_Exercise brief:_
Only the lines of the data below from the one with "Line((-47, 47), (-53.5, 47))" through the one with "solid = part.part" are wanted. Repeat them exactly.

Stored entries
◆ ◆ ◆ ◆ ◆
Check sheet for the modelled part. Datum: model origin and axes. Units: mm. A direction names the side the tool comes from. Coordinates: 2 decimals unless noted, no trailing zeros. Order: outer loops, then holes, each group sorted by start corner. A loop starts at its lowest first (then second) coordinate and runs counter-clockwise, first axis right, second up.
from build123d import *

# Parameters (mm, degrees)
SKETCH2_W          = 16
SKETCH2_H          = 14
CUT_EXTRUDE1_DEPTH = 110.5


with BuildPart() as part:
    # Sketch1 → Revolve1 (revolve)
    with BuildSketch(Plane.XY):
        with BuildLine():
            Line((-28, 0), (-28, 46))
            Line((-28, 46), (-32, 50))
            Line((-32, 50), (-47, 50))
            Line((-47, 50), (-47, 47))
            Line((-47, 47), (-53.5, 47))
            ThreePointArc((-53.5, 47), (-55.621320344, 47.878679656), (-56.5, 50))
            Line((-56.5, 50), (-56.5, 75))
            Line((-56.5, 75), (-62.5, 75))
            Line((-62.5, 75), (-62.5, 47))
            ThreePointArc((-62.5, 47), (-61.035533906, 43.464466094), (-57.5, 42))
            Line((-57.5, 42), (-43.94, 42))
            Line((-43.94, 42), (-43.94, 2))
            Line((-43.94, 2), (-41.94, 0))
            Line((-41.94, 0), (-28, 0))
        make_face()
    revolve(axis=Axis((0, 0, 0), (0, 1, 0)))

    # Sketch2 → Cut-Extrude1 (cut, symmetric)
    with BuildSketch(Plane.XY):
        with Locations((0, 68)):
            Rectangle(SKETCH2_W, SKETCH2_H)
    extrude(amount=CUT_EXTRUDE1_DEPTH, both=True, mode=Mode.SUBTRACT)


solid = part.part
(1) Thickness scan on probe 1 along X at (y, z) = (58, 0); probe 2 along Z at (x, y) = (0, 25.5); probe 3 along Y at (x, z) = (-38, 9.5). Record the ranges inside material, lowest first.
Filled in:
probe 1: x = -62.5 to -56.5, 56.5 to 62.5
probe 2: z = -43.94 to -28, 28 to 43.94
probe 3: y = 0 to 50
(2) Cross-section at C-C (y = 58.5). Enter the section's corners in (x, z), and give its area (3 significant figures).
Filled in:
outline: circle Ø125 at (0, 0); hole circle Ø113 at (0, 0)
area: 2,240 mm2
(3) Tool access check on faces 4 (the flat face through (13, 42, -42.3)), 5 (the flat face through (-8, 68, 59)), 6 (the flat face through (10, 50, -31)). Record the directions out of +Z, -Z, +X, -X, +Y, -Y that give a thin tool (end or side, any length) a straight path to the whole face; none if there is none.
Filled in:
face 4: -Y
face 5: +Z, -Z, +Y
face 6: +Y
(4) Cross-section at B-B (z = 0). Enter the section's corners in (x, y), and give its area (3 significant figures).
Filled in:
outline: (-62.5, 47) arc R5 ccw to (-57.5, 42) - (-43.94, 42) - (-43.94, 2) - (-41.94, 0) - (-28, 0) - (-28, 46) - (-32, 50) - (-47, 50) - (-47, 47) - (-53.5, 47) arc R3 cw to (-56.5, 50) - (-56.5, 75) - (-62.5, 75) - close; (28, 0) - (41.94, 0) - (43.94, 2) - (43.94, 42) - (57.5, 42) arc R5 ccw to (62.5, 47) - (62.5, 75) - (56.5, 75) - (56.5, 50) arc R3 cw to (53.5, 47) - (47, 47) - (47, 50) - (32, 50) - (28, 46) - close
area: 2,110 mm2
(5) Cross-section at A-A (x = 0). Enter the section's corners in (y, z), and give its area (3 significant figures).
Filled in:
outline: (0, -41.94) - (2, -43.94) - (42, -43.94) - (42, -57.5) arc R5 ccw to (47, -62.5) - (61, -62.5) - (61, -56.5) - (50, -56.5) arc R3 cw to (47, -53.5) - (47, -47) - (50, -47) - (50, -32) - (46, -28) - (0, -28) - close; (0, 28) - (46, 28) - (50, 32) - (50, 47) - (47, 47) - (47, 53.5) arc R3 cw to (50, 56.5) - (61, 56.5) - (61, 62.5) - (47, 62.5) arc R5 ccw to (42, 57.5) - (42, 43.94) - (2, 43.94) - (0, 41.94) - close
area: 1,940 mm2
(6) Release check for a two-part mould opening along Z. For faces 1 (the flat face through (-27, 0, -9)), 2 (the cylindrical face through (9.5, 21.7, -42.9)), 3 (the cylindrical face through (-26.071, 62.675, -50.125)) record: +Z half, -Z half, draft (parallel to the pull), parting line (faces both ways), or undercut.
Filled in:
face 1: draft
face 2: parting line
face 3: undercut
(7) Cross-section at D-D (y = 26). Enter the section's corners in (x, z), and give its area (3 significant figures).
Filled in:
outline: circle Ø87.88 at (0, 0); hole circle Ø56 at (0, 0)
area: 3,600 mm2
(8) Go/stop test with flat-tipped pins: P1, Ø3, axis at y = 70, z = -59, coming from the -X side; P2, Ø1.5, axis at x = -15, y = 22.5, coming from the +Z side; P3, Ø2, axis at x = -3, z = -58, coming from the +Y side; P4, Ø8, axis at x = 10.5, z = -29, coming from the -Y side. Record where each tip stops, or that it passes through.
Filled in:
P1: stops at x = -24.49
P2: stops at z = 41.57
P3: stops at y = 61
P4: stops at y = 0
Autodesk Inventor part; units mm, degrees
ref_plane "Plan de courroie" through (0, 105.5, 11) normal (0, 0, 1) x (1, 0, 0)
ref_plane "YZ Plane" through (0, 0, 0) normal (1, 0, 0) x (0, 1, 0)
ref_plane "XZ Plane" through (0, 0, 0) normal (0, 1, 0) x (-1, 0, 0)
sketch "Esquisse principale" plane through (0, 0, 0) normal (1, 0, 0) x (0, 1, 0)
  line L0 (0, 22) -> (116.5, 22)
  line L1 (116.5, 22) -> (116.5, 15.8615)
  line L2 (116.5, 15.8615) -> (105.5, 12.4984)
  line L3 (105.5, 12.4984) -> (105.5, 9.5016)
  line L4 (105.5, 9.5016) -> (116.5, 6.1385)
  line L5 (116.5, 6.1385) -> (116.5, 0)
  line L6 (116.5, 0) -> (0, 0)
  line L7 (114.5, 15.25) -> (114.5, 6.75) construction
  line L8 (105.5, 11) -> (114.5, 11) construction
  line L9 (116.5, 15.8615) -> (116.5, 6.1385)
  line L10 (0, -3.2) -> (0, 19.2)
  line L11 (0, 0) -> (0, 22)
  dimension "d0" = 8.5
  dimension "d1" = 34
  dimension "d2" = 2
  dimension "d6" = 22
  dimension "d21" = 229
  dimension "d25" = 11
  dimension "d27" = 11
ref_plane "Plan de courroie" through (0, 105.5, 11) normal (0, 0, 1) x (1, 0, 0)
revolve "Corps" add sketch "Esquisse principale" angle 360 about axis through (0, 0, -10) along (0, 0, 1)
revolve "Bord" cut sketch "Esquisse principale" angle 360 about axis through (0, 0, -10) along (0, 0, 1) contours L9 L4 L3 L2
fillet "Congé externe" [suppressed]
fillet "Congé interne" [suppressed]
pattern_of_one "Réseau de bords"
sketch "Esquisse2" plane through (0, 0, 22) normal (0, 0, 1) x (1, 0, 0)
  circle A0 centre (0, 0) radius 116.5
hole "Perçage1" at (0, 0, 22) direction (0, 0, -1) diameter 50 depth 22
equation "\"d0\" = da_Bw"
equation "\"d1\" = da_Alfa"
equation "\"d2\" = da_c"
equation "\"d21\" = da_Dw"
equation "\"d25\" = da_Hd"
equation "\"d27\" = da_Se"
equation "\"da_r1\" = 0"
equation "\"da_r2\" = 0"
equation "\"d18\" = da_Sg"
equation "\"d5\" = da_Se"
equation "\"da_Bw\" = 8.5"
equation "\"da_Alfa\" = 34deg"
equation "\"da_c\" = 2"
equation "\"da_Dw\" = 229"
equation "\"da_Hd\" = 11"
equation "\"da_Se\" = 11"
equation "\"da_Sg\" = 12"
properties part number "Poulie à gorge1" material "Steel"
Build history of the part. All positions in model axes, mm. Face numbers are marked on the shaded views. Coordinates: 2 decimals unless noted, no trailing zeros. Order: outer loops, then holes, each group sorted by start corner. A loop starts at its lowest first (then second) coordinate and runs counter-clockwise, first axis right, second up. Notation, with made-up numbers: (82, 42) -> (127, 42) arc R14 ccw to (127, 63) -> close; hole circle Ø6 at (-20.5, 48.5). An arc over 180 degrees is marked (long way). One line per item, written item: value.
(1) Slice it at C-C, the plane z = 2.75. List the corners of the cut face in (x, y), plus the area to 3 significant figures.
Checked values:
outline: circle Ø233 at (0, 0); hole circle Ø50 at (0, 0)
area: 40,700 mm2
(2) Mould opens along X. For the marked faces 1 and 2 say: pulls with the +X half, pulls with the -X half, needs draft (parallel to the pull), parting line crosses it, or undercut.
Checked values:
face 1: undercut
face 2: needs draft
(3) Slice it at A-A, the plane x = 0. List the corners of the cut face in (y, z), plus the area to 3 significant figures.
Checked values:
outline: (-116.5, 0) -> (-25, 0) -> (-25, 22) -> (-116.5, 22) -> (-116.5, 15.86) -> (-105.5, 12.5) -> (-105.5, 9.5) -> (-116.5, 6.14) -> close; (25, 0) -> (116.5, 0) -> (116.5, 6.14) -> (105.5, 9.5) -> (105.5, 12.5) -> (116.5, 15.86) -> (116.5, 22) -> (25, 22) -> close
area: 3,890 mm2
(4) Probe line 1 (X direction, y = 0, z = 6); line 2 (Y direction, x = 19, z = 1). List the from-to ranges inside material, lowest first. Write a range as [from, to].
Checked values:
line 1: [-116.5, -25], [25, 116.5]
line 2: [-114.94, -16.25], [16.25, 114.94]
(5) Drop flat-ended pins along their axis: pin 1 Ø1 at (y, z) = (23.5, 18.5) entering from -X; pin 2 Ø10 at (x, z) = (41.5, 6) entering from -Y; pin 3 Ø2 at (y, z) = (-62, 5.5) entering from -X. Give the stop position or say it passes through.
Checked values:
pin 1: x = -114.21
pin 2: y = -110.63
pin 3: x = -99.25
◆ ◆ ◆ ◆ ◆
_Exercise answer:_
            Line((-47, 47), (-53.5, 47))
            ThreePointArc((-53.5, 47), (-55.621320344, 47.878679656), (-56.5, 50))
            Line((-56.5, 50), (-56.5, 75))
            Line((-56.5, 75), (-62.5, 75))
            Line((-62.5, 75), (-62.5, 47))
            ThreePointArc((-62.5, 47), (-61.035533906, 43.464466094), (-57.5, 42))
            Line((-57.5, 42), (-43.94, 42))
            Line((-43.94, 42), (-43.94, 2))
            Line((-43.94, 2), (-41.94, 0))
            Line((-41.94, 0), (-28, 0))
        make_face()
    revolve(axis=Axis((0, 0, 0), (0, 1, 0)))

    # Sketch2 → Cut-Extrude1 (cut, symmetric)
    with BuildSketch(Plane.XY):
        with Locations((0, 68)):
            Rectangle(SKETCH2_W, SKETCH2_H)
    extrude(amount=CUT_EXTRUDE1_DEPTH, both=True, mode=Mode.SUBTRACT)


solid = part.part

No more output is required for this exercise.